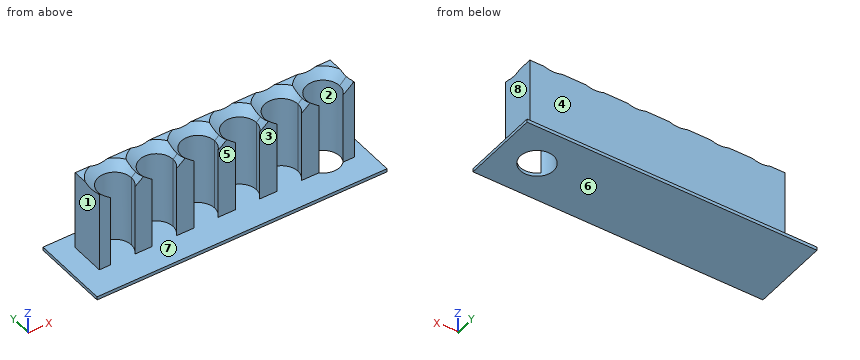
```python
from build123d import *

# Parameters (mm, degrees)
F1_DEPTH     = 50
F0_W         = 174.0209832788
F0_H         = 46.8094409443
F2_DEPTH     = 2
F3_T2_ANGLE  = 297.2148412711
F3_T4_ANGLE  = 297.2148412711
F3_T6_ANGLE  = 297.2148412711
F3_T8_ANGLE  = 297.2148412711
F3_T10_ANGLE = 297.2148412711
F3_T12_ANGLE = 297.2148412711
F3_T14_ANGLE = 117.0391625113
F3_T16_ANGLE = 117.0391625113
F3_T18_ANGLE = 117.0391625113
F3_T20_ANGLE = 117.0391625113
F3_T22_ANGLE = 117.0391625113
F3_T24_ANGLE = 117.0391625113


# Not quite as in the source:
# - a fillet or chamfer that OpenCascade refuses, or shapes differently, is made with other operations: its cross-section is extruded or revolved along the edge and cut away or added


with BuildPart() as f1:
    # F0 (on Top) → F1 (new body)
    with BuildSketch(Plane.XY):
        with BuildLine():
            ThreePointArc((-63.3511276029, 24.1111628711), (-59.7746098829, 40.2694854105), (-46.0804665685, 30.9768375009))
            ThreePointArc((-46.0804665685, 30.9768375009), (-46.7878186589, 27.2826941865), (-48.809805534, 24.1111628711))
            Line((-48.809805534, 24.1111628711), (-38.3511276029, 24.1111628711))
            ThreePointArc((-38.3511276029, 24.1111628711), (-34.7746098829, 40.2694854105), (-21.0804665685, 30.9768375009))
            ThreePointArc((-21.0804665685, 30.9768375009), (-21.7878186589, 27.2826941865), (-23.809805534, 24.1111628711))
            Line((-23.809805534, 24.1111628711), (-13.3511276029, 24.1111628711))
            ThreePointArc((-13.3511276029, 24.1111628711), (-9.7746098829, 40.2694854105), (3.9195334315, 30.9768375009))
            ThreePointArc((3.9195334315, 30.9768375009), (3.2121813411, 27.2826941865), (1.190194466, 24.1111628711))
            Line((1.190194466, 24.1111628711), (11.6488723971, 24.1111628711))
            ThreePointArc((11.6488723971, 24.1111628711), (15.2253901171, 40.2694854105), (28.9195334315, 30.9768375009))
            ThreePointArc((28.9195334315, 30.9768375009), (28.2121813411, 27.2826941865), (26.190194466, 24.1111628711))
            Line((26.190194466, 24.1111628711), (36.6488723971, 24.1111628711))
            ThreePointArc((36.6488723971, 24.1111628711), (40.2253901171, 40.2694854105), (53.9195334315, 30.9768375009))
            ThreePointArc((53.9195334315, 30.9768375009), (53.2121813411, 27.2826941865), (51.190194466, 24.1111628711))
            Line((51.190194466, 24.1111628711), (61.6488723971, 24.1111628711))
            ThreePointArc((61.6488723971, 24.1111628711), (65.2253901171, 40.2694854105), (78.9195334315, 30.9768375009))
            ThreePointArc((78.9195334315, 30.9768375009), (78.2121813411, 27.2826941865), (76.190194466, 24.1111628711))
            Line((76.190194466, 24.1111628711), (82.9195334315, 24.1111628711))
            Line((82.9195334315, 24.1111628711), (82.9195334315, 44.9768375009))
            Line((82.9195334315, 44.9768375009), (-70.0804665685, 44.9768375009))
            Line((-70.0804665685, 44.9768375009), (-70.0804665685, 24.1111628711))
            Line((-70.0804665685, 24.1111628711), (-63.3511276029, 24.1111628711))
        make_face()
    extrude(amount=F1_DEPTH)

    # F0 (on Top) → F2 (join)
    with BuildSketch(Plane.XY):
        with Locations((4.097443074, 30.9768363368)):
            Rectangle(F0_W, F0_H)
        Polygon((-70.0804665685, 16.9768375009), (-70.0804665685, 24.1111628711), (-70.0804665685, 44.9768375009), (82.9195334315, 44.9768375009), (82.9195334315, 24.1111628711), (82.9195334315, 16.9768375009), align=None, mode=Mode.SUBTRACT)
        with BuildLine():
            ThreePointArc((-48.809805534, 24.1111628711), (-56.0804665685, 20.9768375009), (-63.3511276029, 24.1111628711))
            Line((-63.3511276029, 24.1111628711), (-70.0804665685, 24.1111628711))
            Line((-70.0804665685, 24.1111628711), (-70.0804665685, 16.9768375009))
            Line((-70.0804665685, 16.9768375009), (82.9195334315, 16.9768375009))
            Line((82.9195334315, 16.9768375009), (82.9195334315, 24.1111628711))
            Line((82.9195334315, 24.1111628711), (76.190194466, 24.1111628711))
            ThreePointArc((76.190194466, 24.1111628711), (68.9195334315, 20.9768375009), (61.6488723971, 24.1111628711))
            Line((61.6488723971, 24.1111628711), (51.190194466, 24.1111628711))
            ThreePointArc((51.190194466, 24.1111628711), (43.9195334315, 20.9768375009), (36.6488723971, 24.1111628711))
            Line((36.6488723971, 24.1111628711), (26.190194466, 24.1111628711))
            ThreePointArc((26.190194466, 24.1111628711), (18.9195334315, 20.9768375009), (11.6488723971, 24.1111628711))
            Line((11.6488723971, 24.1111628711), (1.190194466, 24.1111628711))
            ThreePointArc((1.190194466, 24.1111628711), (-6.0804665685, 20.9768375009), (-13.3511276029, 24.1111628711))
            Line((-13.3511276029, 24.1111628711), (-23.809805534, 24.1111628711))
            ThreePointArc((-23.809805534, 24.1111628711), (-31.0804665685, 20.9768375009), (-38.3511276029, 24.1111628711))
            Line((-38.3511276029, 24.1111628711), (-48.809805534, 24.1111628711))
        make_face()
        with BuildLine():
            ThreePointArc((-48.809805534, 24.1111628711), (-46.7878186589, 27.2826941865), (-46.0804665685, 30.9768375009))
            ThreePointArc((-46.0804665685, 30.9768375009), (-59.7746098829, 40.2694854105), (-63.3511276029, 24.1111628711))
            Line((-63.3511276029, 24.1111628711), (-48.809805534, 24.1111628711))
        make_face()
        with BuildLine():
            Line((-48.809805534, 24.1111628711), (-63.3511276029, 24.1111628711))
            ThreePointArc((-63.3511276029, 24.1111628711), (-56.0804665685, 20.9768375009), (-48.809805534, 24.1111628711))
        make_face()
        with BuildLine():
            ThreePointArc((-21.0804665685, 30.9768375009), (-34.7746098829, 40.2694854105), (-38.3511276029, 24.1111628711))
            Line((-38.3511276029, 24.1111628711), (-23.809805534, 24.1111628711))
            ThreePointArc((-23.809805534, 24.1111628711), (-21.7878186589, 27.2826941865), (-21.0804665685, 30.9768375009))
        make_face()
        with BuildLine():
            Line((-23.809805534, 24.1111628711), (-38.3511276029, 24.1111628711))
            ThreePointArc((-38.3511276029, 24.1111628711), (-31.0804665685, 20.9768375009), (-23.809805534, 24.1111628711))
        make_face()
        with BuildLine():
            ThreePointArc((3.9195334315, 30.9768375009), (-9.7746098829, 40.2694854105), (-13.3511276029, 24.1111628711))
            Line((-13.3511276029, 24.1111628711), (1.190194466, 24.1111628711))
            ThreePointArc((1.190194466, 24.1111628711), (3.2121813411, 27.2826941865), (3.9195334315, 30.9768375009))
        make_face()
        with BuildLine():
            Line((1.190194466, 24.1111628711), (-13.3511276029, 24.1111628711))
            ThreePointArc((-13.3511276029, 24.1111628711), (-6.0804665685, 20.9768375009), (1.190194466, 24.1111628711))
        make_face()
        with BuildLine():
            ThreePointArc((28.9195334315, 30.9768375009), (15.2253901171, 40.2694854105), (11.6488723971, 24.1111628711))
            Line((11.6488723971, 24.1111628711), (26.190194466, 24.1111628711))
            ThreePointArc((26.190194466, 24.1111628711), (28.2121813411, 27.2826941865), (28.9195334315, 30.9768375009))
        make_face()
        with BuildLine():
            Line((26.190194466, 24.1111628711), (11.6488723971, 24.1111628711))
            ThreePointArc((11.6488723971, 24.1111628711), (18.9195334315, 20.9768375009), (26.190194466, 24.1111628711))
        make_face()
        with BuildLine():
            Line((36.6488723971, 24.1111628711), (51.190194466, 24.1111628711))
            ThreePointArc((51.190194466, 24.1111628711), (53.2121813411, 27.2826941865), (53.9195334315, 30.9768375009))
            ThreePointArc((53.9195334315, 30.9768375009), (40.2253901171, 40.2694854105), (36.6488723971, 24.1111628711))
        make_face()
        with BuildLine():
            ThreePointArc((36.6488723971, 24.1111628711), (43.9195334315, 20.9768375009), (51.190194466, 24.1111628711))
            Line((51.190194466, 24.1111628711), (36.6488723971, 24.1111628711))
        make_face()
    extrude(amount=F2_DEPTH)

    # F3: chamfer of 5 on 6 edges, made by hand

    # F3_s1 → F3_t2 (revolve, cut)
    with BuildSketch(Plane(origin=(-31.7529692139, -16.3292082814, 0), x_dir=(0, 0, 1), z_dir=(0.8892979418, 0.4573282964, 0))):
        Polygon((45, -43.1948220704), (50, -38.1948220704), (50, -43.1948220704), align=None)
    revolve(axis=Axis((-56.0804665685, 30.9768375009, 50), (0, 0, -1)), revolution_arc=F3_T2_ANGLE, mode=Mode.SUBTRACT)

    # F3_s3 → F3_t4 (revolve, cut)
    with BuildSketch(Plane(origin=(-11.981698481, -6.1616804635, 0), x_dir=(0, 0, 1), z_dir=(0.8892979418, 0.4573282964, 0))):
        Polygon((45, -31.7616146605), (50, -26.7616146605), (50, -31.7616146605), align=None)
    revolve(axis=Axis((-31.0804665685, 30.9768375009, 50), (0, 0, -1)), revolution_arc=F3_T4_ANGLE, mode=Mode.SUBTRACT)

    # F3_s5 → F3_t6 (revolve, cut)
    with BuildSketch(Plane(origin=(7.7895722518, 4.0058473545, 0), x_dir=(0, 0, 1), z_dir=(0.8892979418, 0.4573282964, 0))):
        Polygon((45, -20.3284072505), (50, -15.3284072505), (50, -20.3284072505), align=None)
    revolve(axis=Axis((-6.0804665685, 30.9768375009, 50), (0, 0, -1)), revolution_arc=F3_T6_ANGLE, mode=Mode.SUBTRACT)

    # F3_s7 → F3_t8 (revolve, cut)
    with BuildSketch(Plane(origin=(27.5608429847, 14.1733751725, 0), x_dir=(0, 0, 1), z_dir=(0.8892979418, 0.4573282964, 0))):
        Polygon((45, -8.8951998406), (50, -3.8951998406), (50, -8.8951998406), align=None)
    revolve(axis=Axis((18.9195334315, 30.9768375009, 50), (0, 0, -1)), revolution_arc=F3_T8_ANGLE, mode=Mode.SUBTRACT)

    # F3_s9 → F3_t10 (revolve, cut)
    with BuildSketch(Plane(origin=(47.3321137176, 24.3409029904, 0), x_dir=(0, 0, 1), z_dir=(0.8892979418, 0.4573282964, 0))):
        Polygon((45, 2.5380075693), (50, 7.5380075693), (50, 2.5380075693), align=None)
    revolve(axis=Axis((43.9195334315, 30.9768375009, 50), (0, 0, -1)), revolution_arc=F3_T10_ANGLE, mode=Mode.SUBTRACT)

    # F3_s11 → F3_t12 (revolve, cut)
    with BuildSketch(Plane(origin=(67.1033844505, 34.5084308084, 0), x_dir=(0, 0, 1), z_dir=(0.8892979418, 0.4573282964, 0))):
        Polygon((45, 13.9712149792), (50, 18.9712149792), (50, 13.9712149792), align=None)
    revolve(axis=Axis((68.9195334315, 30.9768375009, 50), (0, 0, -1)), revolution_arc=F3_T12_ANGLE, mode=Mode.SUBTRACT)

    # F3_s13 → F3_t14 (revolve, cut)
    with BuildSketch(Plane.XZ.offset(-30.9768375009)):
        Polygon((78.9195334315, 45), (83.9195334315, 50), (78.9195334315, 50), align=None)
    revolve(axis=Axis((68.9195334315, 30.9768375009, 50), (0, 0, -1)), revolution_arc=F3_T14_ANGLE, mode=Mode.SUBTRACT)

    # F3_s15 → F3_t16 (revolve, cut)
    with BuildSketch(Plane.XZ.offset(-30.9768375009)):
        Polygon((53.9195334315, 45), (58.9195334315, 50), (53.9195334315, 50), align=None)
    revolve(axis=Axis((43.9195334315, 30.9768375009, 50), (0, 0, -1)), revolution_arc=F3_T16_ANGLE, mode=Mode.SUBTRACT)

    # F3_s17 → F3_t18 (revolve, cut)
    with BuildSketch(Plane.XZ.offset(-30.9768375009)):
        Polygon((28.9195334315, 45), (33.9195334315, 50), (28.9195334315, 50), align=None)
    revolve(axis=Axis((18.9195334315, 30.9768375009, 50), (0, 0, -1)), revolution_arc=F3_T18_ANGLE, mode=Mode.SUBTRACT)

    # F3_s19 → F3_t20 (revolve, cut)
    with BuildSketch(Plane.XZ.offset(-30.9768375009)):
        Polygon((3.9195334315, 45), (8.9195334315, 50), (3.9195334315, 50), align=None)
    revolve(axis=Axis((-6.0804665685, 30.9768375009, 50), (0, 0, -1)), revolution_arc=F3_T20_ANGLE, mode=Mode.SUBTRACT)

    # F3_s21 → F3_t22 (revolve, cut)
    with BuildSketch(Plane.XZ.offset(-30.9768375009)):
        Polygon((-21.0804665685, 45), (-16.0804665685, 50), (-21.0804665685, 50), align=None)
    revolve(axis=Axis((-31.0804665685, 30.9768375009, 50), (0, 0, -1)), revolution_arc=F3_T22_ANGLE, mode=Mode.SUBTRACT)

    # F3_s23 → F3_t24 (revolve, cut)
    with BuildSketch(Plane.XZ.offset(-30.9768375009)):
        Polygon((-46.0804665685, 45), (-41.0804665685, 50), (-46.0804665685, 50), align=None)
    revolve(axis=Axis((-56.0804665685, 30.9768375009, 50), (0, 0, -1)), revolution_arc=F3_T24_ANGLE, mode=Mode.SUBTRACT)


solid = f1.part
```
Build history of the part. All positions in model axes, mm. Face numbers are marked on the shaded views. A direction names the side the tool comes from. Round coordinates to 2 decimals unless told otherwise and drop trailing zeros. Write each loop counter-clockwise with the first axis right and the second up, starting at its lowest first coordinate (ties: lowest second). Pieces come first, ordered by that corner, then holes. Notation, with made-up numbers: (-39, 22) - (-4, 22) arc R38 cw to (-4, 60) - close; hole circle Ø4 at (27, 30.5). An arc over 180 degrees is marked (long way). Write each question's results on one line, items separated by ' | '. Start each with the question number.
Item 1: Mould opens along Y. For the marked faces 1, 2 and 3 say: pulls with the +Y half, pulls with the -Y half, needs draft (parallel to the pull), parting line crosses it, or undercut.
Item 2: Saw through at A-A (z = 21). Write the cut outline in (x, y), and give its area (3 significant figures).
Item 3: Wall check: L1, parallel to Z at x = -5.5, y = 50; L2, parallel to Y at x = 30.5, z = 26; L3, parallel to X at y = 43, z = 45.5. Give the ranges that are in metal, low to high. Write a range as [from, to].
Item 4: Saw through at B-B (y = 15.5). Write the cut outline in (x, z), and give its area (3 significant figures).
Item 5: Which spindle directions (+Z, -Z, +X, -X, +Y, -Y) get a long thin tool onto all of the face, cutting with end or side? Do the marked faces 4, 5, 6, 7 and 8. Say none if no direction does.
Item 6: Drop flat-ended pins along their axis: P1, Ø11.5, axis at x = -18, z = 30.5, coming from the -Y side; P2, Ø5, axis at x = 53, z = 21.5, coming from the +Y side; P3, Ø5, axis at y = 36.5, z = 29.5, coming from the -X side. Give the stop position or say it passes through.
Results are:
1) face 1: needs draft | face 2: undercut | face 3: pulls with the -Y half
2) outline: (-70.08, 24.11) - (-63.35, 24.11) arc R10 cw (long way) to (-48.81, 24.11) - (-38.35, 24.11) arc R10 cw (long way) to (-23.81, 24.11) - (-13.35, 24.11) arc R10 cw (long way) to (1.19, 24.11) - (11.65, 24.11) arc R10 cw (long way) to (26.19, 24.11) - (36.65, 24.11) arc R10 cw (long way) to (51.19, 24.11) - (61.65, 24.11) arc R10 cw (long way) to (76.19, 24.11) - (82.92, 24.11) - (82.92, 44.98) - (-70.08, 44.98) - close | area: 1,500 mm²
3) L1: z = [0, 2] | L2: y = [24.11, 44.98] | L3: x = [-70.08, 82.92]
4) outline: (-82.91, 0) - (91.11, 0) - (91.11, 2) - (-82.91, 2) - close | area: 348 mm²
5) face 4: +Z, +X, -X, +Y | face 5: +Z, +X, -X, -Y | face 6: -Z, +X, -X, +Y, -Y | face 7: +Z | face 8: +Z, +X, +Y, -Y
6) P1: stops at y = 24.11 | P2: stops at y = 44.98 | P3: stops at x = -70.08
━━━
**Work to be completed**: When a line of the material holds the string "draft", copy that line.

**Result**:
Item 1: Mould opens along Y. For the marked faces 1, 2 and 3 say: pulls with the +Y half, pulls with the -Y half, needs draft (parallel to the pull), parting line crosses it, or undercut.
1) face 1: needs draft | face 2: undercut | face 3: pulls with the -Y half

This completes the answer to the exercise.